Materials and Methods
Seven 50-mL iohexol solutions were used, with concentrations of 0.03–2.0 mg iodine per milliliter. The solutions and water sample were scanned five times each in two phantoms (small, 20-cm diameter; large, 30 × 40-cm diameter) with six DE CT systems and a total of 10 peak kilovoltage settings or combinations. Iodine maps were created, and the mean iodine signal in each sample was recorded. The limit of blank (LOB) was defined as the upper limit of the 95% confidence interval of the water sample. The limit of detection (LOD) was defined as the concentration with a 95% chance of having a signal above the LOB. The limit of quantification (LOQ) was defined as the lowest concentration where the coefficient of variation was less than 20%.
Results
The LOD range was 0.021–0.26 mg/mL in the small phantom and 0.026–0.55 mg/mL in the large phantom. The LOQ range was 0.07–0.50 mg/mL in the small phantom and 0.20–1.0 mg/mL in the large phantom. The dual-source and rapid peak kilovoltage switching systems had the lowest LODs, and the dual-layer detector systems had the highest LODs.
Conclusion
The iodine limit of detection using dual-energy CT systems varied with scanner and phantom size, but all systems depicted iodine in the small and large phantoms at or below 0.3 and 0.5 mg/mL, respectively, and enabled quantification at concentrations of 0.5 and 1.0 mg/mL, respectively.
© RSNA, 2019
Online supplemental material is available for this article.

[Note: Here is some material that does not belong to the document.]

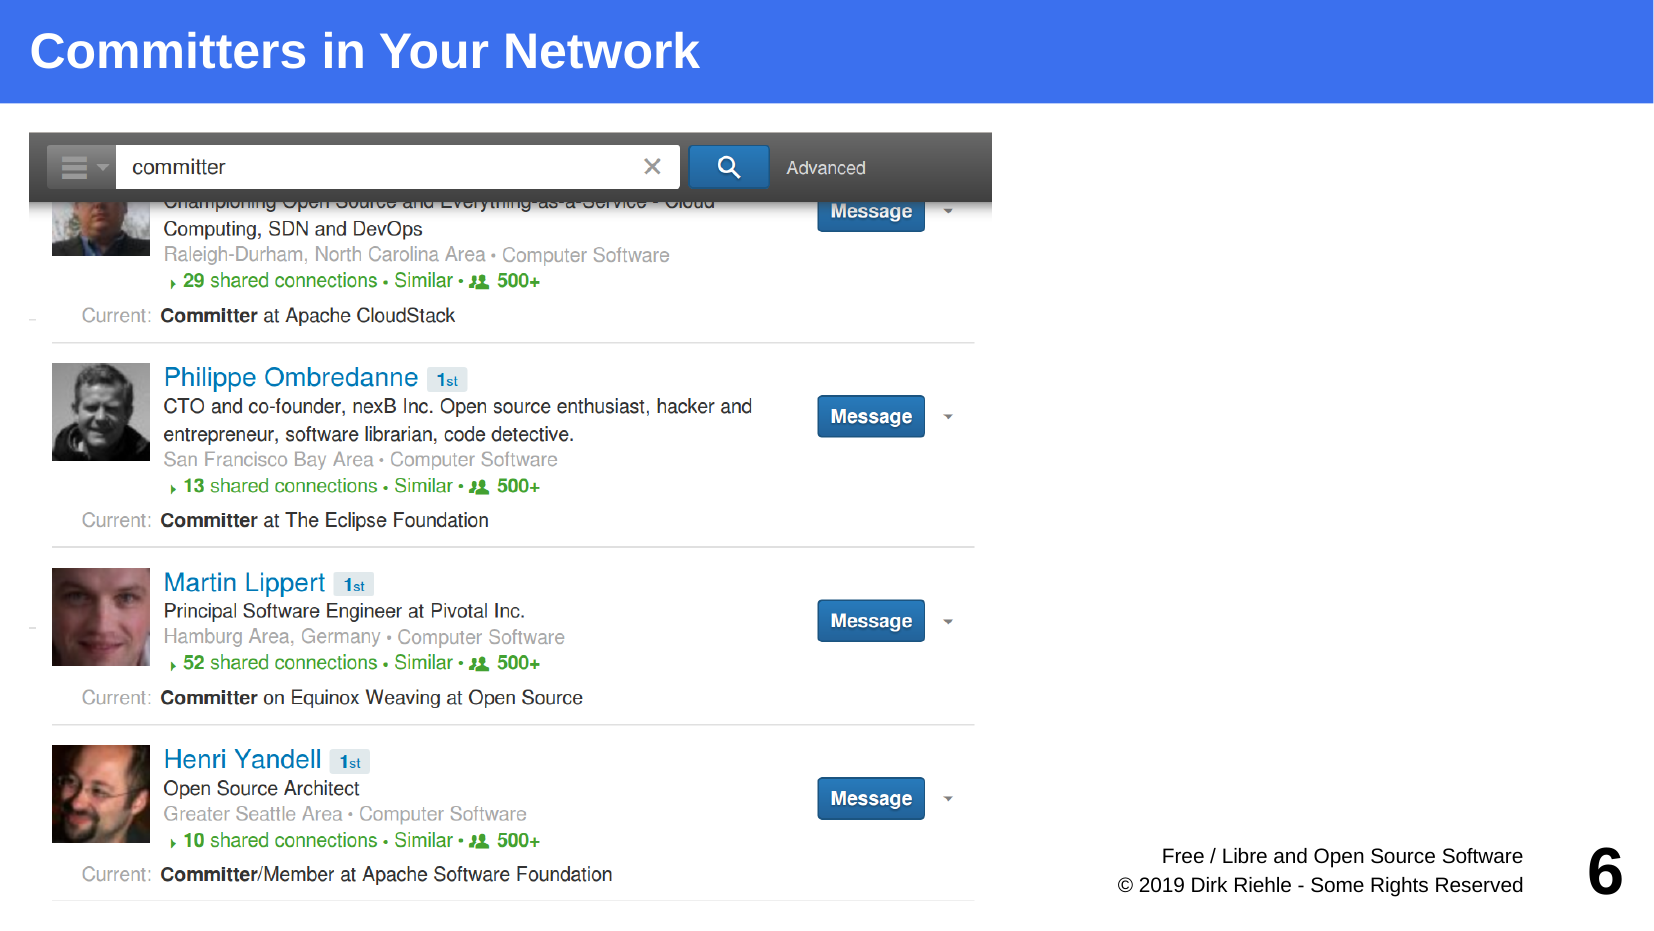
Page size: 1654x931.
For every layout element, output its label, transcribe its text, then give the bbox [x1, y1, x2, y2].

title Committers in Your Network [0, 0, 1654, 104]
picture [29, 132, 992, 901]

See also the editorial by Hindman in this issue.
Summary
The iodine limit of detection using dual-energy CT systems varies with scanner and phantom size, but all systems enable detection of iodine at or below 0.3 and 0.5 mg/mL in the small and large phantoms, respectively.
Key Points
■ In a large body phantom, the iodine limits of detection and quantification were found to be at or below 0.5 mg/mL and 1.0 mg/mL, respectively.

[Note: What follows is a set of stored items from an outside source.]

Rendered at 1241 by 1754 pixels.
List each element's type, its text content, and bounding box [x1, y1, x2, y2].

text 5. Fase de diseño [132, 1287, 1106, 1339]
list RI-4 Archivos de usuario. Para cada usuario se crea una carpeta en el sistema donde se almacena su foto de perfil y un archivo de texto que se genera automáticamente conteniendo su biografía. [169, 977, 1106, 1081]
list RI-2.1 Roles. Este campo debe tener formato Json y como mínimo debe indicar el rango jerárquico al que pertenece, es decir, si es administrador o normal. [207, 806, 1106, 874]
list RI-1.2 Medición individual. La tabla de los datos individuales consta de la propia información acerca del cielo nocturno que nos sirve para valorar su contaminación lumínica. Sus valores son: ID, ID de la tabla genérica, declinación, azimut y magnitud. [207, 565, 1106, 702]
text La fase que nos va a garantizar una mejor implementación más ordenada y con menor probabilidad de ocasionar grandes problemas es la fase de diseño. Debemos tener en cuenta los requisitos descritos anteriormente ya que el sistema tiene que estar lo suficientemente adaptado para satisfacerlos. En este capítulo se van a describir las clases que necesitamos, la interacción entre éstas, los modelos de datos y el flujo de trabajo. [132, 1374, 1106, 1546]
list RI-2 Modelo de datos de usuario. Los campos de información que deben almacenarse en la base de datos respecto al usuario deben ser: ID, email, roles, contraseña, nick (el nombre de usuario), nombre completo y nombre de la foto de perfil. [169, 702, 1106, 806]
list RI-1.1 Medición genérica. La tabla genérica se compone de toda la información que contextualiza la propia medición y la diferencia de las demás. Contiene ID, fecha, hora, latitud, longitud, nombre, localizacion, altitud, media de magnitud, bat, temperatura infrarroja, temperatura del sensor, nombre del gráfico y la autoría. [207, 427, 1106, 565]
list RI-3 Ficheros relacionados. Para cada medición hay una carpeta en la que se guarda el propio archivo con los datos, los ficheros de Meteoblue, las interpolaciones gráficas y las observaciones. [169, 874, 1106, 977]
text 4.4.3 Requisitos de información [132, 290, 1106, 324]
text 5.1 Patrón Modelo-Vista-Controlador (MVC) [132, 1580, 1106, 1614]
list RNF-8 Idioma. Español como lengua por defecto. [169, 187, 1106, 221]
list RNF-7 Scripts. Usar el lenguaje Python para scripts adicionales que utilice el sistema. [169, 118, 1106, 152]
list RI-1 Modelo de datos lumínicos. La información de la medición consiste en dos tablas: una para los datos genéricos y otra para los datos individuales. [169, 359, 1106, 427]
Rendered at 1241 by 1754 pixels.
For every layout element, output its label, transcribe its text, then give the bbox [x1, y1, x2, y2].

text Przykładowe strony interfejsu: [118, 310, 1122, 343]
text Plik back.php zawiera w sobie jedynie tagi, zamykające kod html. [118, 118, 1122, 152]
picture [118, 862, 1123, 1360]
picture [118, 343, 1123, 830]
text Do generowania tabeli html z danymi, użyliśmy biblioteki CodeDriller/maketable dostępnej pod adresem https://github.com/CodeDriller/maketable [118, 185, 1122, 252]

■ In a small phantom, the iodine limits of detection and quantification were found to be at or below 0.3 mg/mL and 0.5 mg/mL, respectively.
Introduction
Clinical use of dual-energy (DE) CT increased after improvements in material separation (1), quantification (2,3), and workflow (4,5). DE CT provides additional data about materials within the body based on measured changes in x-ray attenuation with photon energy (6,7). Two energy spectra are generated and input into material decomposition algorithms. The low- and high-energy data model tissue as a function of either two or three basis materials consisting of at least one low-atomic-number material and one high-atomic-number material (eg, soft tissue and iodine). There are six commercially available DE CT acquisition schemes (2,7), including dual-source (8), rapid peak kilovoltage switching (9), dual-layered detector (10), split-filter (11), and sequential scanning (12) systems.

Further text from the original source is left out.